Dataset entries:
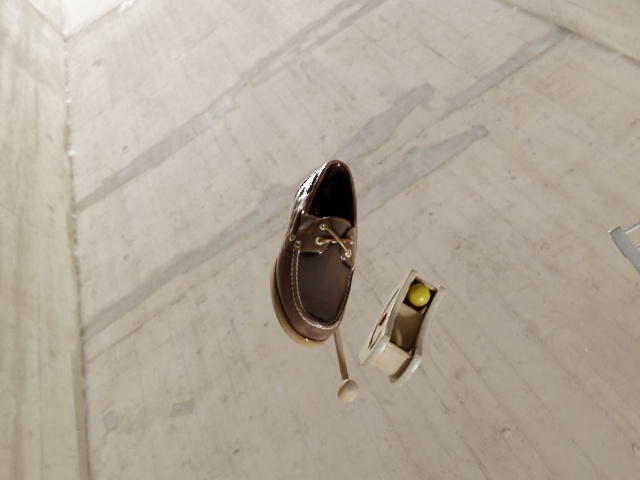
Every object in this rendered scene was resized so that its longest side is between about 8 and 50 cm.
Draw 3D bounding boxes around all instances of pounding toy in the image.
[{"bbox_3d":[0.109,0.164,0.953,0.154,0.154,0.270,31,-114,3],"label":"pounding toy"}]

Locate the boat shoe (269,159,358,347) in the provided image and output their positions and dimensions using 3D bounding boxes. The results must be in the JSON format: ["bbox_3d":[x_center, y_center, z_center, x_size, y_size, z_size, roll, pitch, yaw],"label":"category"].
[{"bbox_3d":[0.000,0.000,0.500,0.073,0.073,0.207,-48,-152,37],"label":"boat shoe"}]

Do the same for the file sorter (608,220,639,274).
[{"bbox_3d":[0.575,0.071,0.726,0.173,0.192,0.278,-37,-118,26],"label":"file sorter"}]
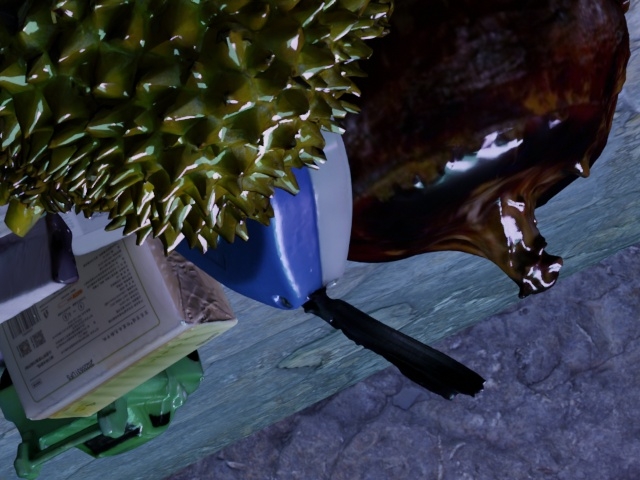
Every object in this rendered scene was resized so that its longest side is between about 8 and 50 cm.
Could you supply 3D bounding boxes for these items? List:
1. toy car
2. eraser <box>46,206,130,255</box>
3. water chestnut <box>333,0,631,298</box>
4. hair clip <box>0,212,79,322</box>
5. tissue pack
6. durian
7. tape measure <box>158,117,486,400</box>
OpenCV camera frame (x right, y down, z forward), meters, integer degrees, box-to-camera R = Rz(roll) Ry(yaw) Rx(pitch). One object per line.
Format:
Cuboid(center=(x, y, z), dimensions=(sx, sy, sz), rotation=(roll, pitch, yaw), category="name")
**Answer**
Cuboid(center=(-0.286, 0.208, 1.523), dimensions=(0.213, 0.176, 0.359), rotation=(-28, 165, 9), category="toy car")
Cuboid(center=(-0.210, -0.074, 0.960), dimensions=(0.089, 0.061, 0.352), rotation=(-23, 165, -9), category="eraser")
Cuboid(center=(0.120, -0.091, 0.971), dimensions=(0.351, 0.302, 0.350), rotation=(-21, 166, -5), category="water chestnut")
Cuboid(center=(-0.350, 0.056, 1.041), dimensions=(0.101, 0.085, 0.331), rotation=(-3, 160, -43), category="hair clip")
Cuboid(center=(-0.230, 0.074, 1.213), dimensions=(0.234, 0.159, 0.125), rotation=(-33, 163, 22), category="tissue pack")
Cuboid(center=(-0.103, -0.123, 0.661), dimensions=(0.258, 0.258, 0.293), rotation=(-12, 177, -39), category="durian")
Cuboid(center=(-0.025, -0.026, 0.843), dimensions=(0.098, 0.351, 0.215), rotation=(-31, 133, -31), category="tape measure")
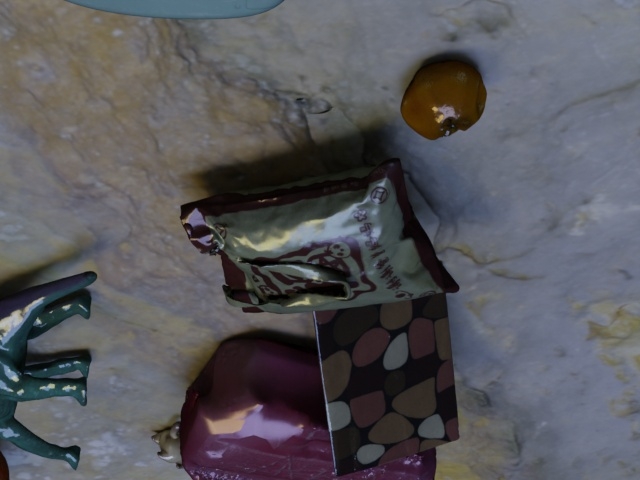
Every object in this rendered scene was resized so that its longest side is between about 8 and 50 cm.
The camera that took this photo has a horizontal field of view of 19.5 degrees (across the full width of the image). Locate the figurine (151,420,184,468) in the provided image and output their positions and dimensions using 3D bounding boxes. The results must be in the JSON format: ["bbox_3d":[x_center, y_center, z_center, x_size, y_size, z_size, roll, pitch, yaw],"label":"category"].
[{"bbox_3d":[-0.160,0.248,2.259,0.050,0.047,0.083,-39,141,21],"label":"figurine"}]

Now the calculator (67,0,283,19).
[{"bbox_3d":[-0.106,-0.251,1.548,0.295,0.042,0.184,-1,145,-10],"label":"calculator"}]

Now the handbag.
[{"bbox_3d":[0.000,0.000,1.867,0.235,0.127,0.213,-6,146,18],"label":"handbag"}]

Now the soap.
[{"bbox_3d":[-0.020,0.228,2.185,0.325,0.127,0.220,13,139,-28],"label":"soap"}]

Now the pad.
[{"bbox_3d":[0.075,0.145,2.062,0.158,0.003,0.235,-16,118,-17],"label":"pad"}]

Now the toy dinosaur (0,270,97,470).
[{"bbox_3d":[-0.413,0.138,2.002,0.331,0.129,0.383,4,140,-7],"label":"toy dinosaur"}]

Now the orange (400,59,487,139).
[{"bbox_3d":[0.116,-0.129,1.758,0.086,0.062,0.086,-5,143,-4],"label":"orange"}]

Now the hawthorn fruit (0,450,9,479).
[{"bbox_3d":[-0.429,0.289,2.184,0.133,0.132,0.138,-14,151,8],"label":"hawthorn fruit"}]

YOUR GOAL
Each line above is to be copied verbatim. Drop any image from the copy.

ANSWER AREA
Every object in this rendered scene was resized so that its longest side is between about 8 and 50 cm.
Draw 3D bounding boxes around all instances of pounding toy in the image.
[{"bbox_3d":[0.109,0.164,0.953,0.154,0.154,0.270,31,-114,3],"label":"pounding toy"}]

Locate the boat shoe (269,159,358,347) in the provided image and output their positions and dimensions using 3D bounding boxes. The results must be in the JSON format: ["bbox_3d":[x_center, y_center, z_center, x_size, y_size, z_size, roll, pitch, yaw],"label":"category"].
[{"bbox_3d":[0.000,0.000,0.500,0.073,0.073,0.207,-48,-152,37],"label":"boat shoe"}]

Do the same for the file sorter (608,220,639,274).
[{"bbox_3d":[0.575,0.071,0.726,0.173,0.192,0.278,-37,-118,26],"label":"file sorter"}]
Every object in this rendered scene was resized so that its longest side is between about 8 and 50 cm.
Could you supply 3D bounding boxes for these items? List:
1. toy car
2. eraser <box>46,206,130,255</box>
3. water chestnut <box>333,0,631,298</box>
4. hair clip <box>0,212,79,322</box>
5. tissue pack
6. durian
7. tape measure <box>158,117,486,400</box>
OpenCV camera frame (x right, y down, z forward), meters, integer degrees, box-to-camera R = Rz(roll) Ry(yaw) Rx(pitch). One object per line.
Format:
Cuboid(center=(x, y, z), dimensions=(sx, sy, sz), rotation=(roll, pitch, yaw), category="name")
**Answer**
Cuboid(center=(-0.286, 0.208, 1.523), dimensions=(0.213, 0.176, 0.359), rotation=(-28, 165, 9), category="toy car")
Cuboid(center=(-0.210, -0.074, 0.960), dimensions=(0.089, 0.061, 0.352), rotation=(-23, 165, -9), category="eraser")
Cuboid(center=(0.120, -0.091, 0.971), dimensions=(0.351, 0.302, 0.350), rotation=(-21, 166, -5), category="water chestnut")
Cuboid(center=(-0.350, 0.056, 1.041), dimensions=(0.101, 0.085, 0.331), rotation=(-3, 160, -43), category="hair clip")
Cuboid(center=(-0.230, 0.074, 1.213), dimensions=(0.234, 0.159, 0.125), rotation=(-33, 163, 22), category="tissue pack")
Cuboid(center=(-0.103, -0.123, 0.661), dimensions=(0.258, 0.258, 0.293), rotation=(-12, 177, -39), category="durian")
Cuboid(center=(-0.025, -0.026, 0.843), dimensions=(0.098, 0.351, 0.215), rotation=(-31, 133, -31), category="tape measure")
Every object in this rendered scene was resized so that its longest side is between about 8 and 50 cm.
The camera that took this photo has a horizontal field of view of 19.5 degrees (across the full width of the image). Locate the figurine (151,420,184,468) in the provided image and output their positions and dimensions using 3D bounding boxes. The results must be in the JSON format: ["bbox_3d":[x_center, y_center, z_center, x_size, y_size, z_size, roll, pitch, yaw],"label":"category"].
[{"bbox_3d":[-0.160,0.248,2.259,0.050,0.047,0.083,-39,141,21],"label":"figurine"}]

Now the calculator (67,0,283,19).
[{"bbox_3d":[-0.106,-0.251,1.548,0.295,0.042,0.184,-1,145,-10],"label":"calculator"}]

Now the handbag.
[{"bbox_3d":[0.000,0.000,1.867,0.235,0.127,0.213,-6,146,18],"label":"handbag"}]

Now the soap.
[{"bbox_3d":[-0.020,0.228,2.185,0.325,0.127,0.220,13,139,-28],"label":"soap"}]

Now the pad.
[{"bbox_3d":[0.075,0.145,2.062,0.158,0.003,0.235,-16,118,-17],"label":"pad"}]

Now the toy dinosaur (0,270,97,470).
[{"bbox_3d":[-0.413,0.138,2.002,0.331,0.129,0.383,4,140,-7],"label":"toy dinosaur"}]

Now the orange (400,59,487,139).
[{"bbox_3d":[0.116,-0.129,1.758,0.086,0.062,0.086,-5,143,-4],"label":"orange"}]

Now the hawthorn fruit (0,450,9,479).
[{"bbox_3d":[-0.429,0.289,2.184,0.133,0.132,0.138,-14,151,8],"label":"hawthorn fruit"}]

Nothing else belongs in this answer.